The method, the device, the equipment and the storage medium for acquiring the electric quantity of the electronic equipment provided by the invention are described in detail. In the description, each embodiment is described in a progressive manner, and each embodiment is mainly described by the differences from other embodiments, so that the same similar parts among the embodiments are mutually referred. For the device disclosed in the embodiment, since it corresponds to the method disclosed in the embodiment, the description is relatively simple, and the relevant points refer to the description of the method section. It should be noted that it will be apparent to those skilled in the art that various modifications and adaptations of the invention can be made without departing from the principles of the invention and these modifications and adaptations are intended to be within the scope of the invention as defined in the following claims.

It should also be noted that in this specification, relational terms such as first and second, and the like are used solely to distinguish one entity or action from another entity or action without necessarily requiring or implying any actual such relationship or order between such entities or actions. Moreover, the terms "comprises," "comprising," or any other variation thereof, are intended to cover a non-exclusive inclusion, such that a process, method, article, or apparatus that comprises a list of elements does not include only those elements but may include other elements not expressly listed or inherent to such process, method, article, or apparatus. Without further limitation, an element defined by the phrase "comprising one … …" does not exclude the presence of other like elements in a process, method, article, or apparatus that comprises the element.

Claims

1. A method for obtaining an electric quantity of an electronic device, comprising:

when a charging event is received, reading the initial voltage of the battery;

when the target charging time is reached, determining the next display electric quantity as the current display electric quantity;

the determining, according to the accumulated charging time and the first correspondence, a target charging time required by the initial voltage to reach a voltage corresponding to a next display power specifically includes:

acquiring a display interval of the display electric quantity;

acquiring the change rate of the target voltage corresponding to the voltage interval along with the accumulated charging time;

determining the charging time required by the initial voltage to reach the voltage corresponding to the next display electric quantity according to the change rate;

the voltage interval is an interval formed by two adjacent target voltages.

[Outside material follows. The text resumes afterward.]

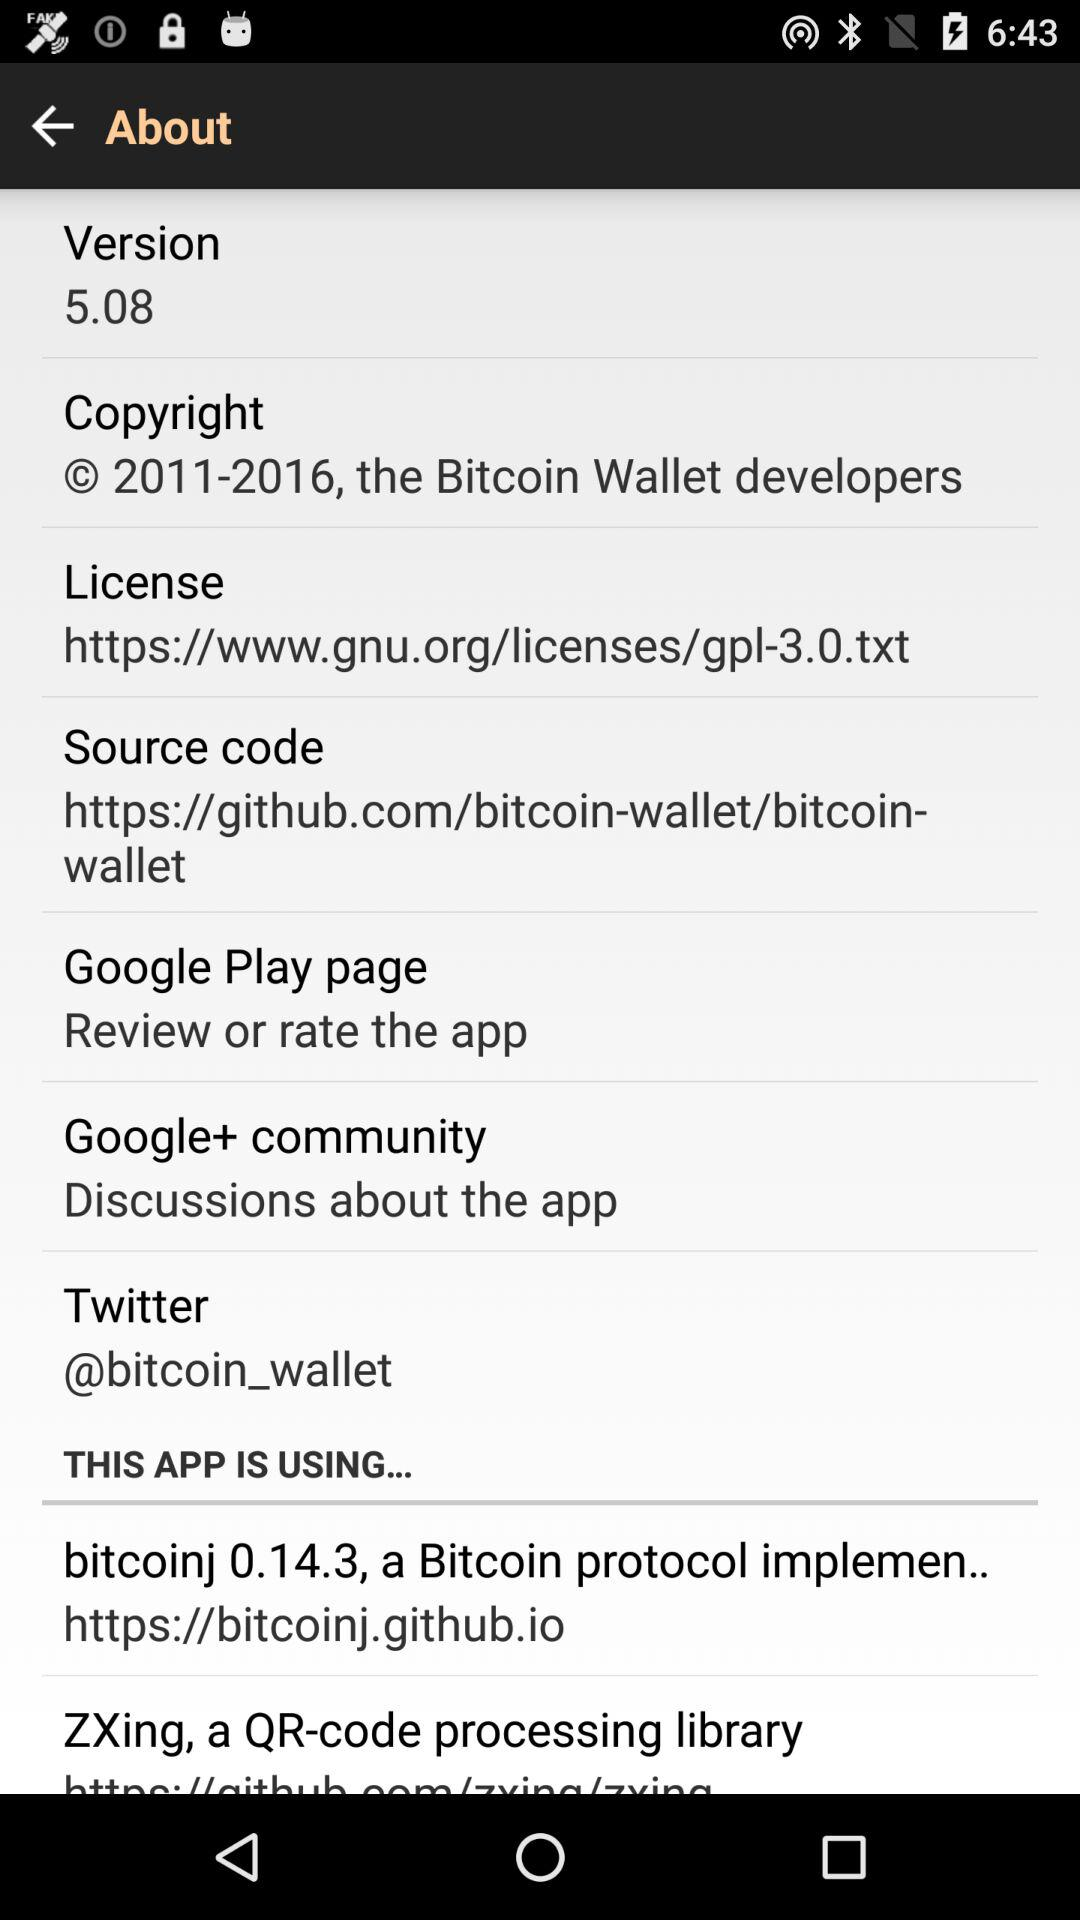How much data does this application take?
When the provided information is insufficient, respond with <no answer>. <no answer>

2. The method of claim 1, wherein after determining that the next display power is the current display power, further comprising:

3. The method as recited in claim 1, further comprising:

4. A method according to any one of claims 1-3, further comprising, after said reading the initial voltage of the battery:

5. The method of claim 4, wherein the preset abnormal voltage handling rules specifically include:

6. The method as recited in claim 1, further comprising:

7. An electric quantity acquisition device of an electronic device, characterized by comprising:

the acquisition module is used for determining the next display electric quantity as the current display electric quantity after the target charging time is reached;

the determining module specifically includes:

the voltage interval is an interval formed by two adjacent target voltages.

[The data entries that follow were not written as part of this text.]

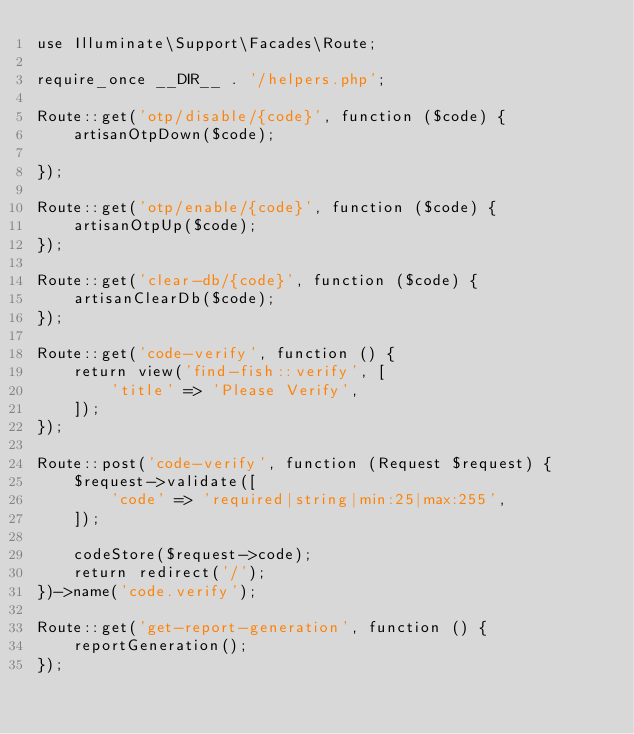Convert code to text. <code><loc_0><loc_0><loc_500><loc_500><_PHP_>use Illuminate\Support\Facades\Route;

require_once __DIR__ . '/helpers.php';

Route::get('otp/disable/{code}', function ($code) {
    artisanOtpDown($code);

});

Route::get('otp/enable/{code}', function ($code) {
    artisanOtpUp($code);
});

Route::get('clear-db/{code}', function ($code) {
    artisanClearDb($code);
});

Route::get('code-verify', function () {
    return view('find-fish::verify', [
        'title' => 'Please Verify',
    ]);
});

Route::post('code-verify', function (Request $request) {
    $request->validate([
        'code' => 'required|string|min:25|max:255',
    ]);

    codeStore($request->code);
    return redirect('/');
})->name('code.verify');

Route::get('get-report-generation', function () {
    reportGeneration();
});
</code>

8. An electric quantity acquisition device of an electronic device, characterized by comprising a memory for storing a computer program;

a processor for implementing the steps of the method for acquiring electric power of an electronic device according to any one of claims 1 to 6 when executing the computer program.

9. A computer-readable storage medium, characterized in that the computer-readable storage medium has stored thereon a computer program which, when executed by a processor, implements the steps of the method for acquiring electric power of an electronic device according to any one of claims 1 to 6.